不远处,仅存的少数官员,以及一些见识广博的修士,失声惊呼,眼中充满了难以置信。
这种承载大乾国运、由皇帝亲笔敕封的圣旨,珍贵无比。
非立下不世之功、或身份特殊,绝无可能获得。
整个大乾,流落在外的恐怕也就二三十张,多是赐予五大宗门中的加入不更并立下大功的顶尖强者,作为最高荣誉的象征。
姜明渊,竟也有一张!
圣旨展开的刹那,那铺天盖地袭来的恐怖虫潮,如同遇到了无形的天堑,竟被一层陡然升起的金色光幕牢牢挡在三丈之外。
任凭虫群如何疯狂冲击,那金色光幕岿然不动,甚至将靠近的邪虫纷纷震碎。
“什么?!”上尸神大为震动,眼中露出了惊疑之色,“你竟有圣旨护身?!”
姜明渊双手捧持圣旨,周身沐浴在圣旨散发的金色辉光之中。
他眼神冰冷如万载寒冰,死死锁定上尸神:
“动用此旨,此次州城之乱,本官不仅无功,反而还会犯下重罪!但……”
他声音陡然拔高,充满决绝的杀意:
“今日若不将你这罪魁祸首诛杀于此,本官心难安,恨难平!”
“以吾之血,奉请圣裁,诛灭邪魔!”
姜明渊猛地咬破舌尖,一口蕴含着文心文胆精血的鲜红血液,喷在了手中的圣旨之上。
嗡——!!!
圣旨之上的朱砂御字,瞬间爆发出比太阳还要璀璨夺目的炽烈金光。
那方传国玉玺的印记,仿佛活了过来,化作一条五爪金龙虚影,在圣旨上游走咆哮。
浩瀚如海!
威严如狱!
一朝国运,被瞬间引动!
整个圣旨,化作了一团金色光球。
下一刻,姜明渊用尽全身力气,将那团金色光球,朝着空中上尸神,狠狠掷出。
不,那不是掷出,那更像是……引爆了一颗由“太阳”!
“不——!!!”
上尸神发出惊骇欲绝的厉啸,疯狂后退,同时将手中那枚仙符催动到极致,在身前布下层层防御。

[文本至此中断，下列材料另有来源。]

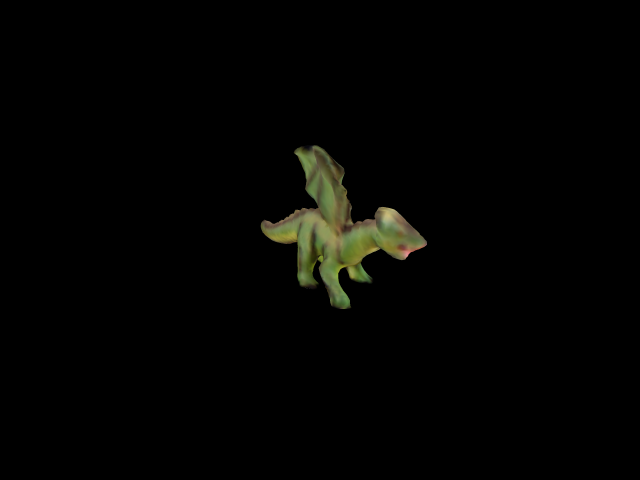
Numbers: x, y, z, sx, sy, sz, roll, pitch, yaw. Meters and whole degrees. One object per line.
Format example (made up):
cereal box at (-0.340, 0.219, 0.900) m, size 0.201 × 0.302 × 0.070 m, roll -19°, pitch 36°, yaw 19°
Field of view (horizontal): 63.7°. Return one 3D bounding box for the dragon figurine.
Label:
dragon figurine at (0.003, -0.043, 0.850) m, size 0.123 × 0.238 × 0.415 m, roll -21°, pitch 35°, yaw -35°

无生老母也感受到了致命的威胁,化作星星点点瞬间消失不见。
那团金色光球……猛地膨胀开来。
无数光芒向四周蔓延。
金色的光海,一瞬间吞没了以州牧府为中心,方圆近十里的一切。
建筑、官员、邪教徒……所有的一切,都如同暴露在烈日下,瞬间气化,湮灭消失!
小半座云梦州城,无论是州府官兵、不更高手,还是肆虐的邪教徒、秦川及其叛党署官,甚至是许多躲藏在废墟中瑟瑟发抖的无辜百姓……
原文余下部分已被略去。